Pictured: Doha corniche, Qatar.
Like neighboring Middle Eastern countries, Oman derives the majority of its revenue from crude oil.
In the first half of last year, Oman's oil revenue, which accounts for nearly 70 percent of its total revenue, rose 30 percent to $13.7 billion from the same period in 2011, according to government statistics. Although, there is no individual income or capital gains taxes in Oman, citizens must contribute 6.5 percent of their monthly salary for social security benefits. A stamp duty of 3 percent is also charged on the purchase of property.
Despite its oil wealth, Oman has been rocked by a series of protests by residents demanding jobs and employment benefits since 2011. There's growing resentment in the country over the jobs offered to foreigners which account for about 40 percent of the population. In January, the government asked its departments to review policies on hiring foreign workers and assess which sectors should focus on employing Omani nationals, Reuters reported.
Pictured: Muscat, Oman.
With the world's sixth-largest oil reserves, Kuwait's petroleum accounts for nearly half its GDP, over 90 percent of export revenues and 80 percent of government income, according to OPEC.
While there is no income tax in the country, Kuwaiti nationals must contribute 7.5 percent of their salaries for social security benefits; their employers make an 11 percent contribution. Despite being one of the world's wealthiest countries per capita, strikes and protests by public sector workers unhappy about pay have led the government to introduce a 25 percent increase in wages in 2012. The IMF, however, warned Kuwait in May last year that such spending could impact the sustainability of its public finances. Only 7 percent of Kuwaitis work in the private sector, and the rising cost of retirement could put pressure on government spending.
Kuwait is no stranger to political turmoil, ushering in five new parliaments in the past six years. The country has been marred by protests and corruption scandals implicating key political figures, while poor parliament-government relations have hampered policymaking.

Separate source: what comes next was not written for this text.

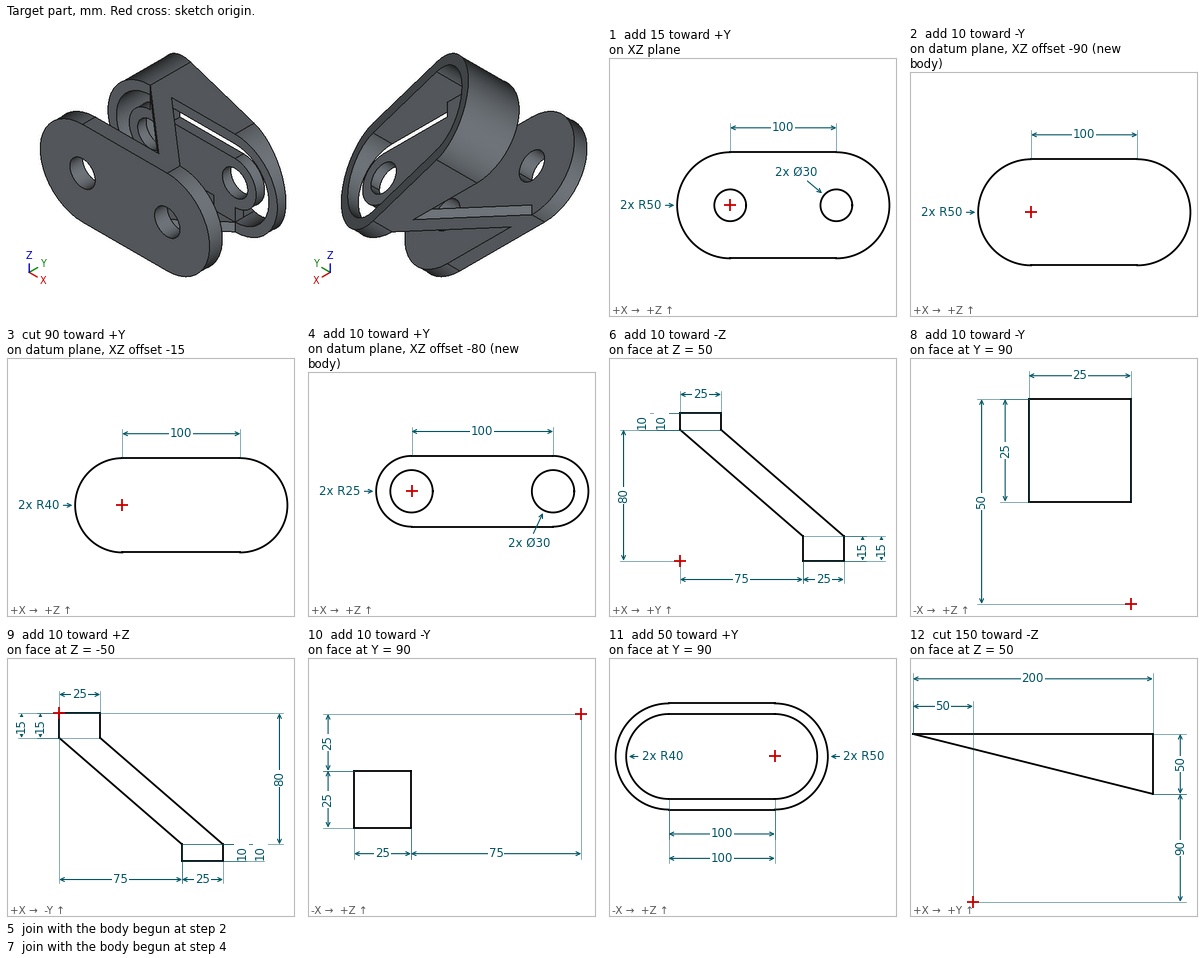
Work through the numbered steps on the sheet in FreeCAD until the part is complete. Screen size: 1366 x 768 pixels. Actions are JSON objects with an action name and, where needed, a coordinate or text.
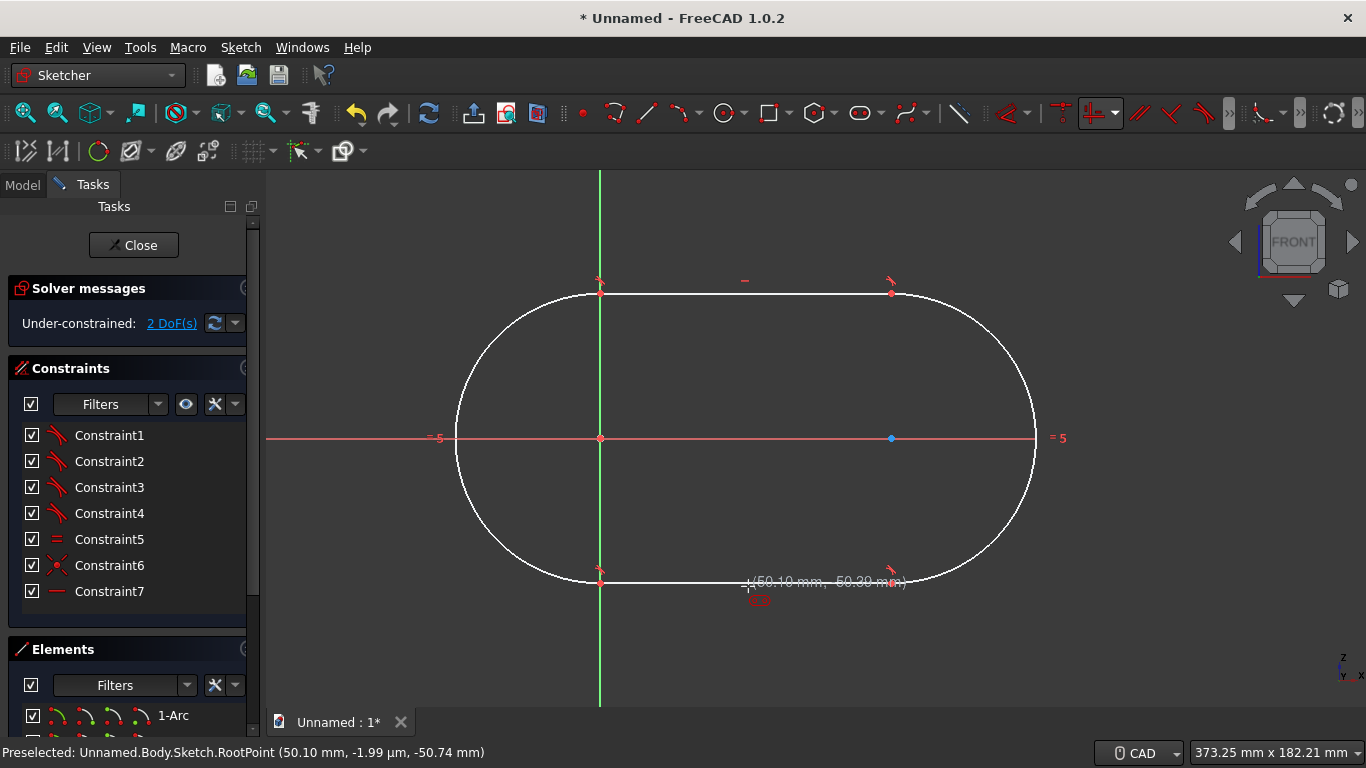
{"action": "left_click", "coordinate": [724, 114]}
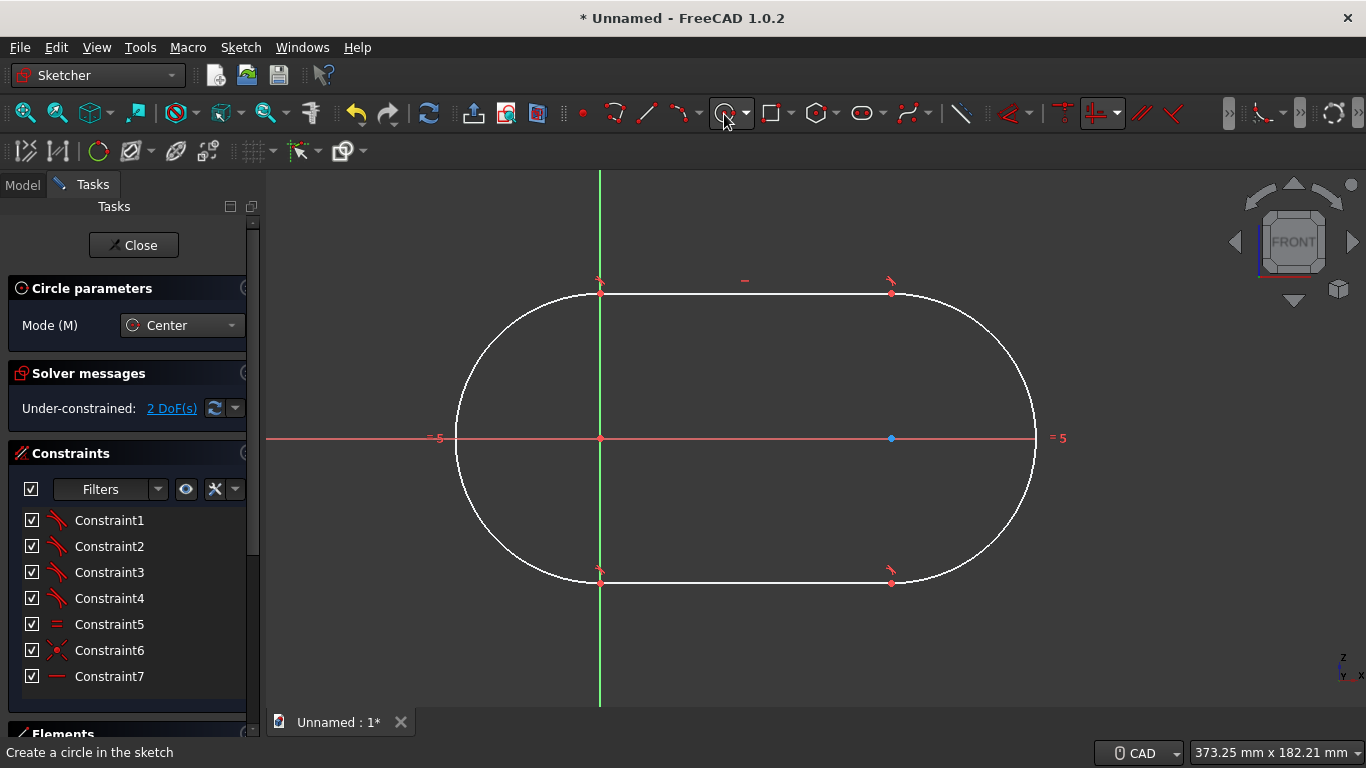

The IMF has recommended that Kuwait introduce a value-added tax and a comprehensive income tax system.
Pictured: Kuwaiti women walking through a souq.
Well known as an offshore financial center, the Cayman Islands are a big draw for the wealthy with their zero personal income and capital gains taxes and because they have no mandatory social security contributions.
Employers, however, are required to provide a pension plan for all workers, including expatriates who have been working for a continuous nine months in the islands. While there is no value added tax or government sales tax, the country does have some indirect taxes such as import duties, which can range up to 25 percent.
In August, the British territory ditched plans to tax foreign worker's income just about two weeks after proposing it in a last-ditch attempt to overcome budget woes. The government backtracked on the plans after several industry associations opposed the tax, saying it would lead to a flight of investors. Foreign workers make up about 50 percent of the islands' workforce.
Pictured: Aerial view of downtown Georgetown, CaymanIslands.
With no personal income tax, Bahrain relies on output from the Abu Safa oilfield, which is shared with Saudi Arabia, for about 70 percent of its budget revenue.
For social security benefits, citizens contribute 7 percent of their total income to the government, while expatriates pay 1 percent. Employers must also make a contribution of 12 percent of a citizen's income for social insurance, and pay 3 percent for expatriate employees. Other indirect taxes include a stamp duty of up to 3 percent of the value of the property on real estate transfers. Expatriates also have to pay a 10 percent municipal tax for renting a home in the Persian Gulf state.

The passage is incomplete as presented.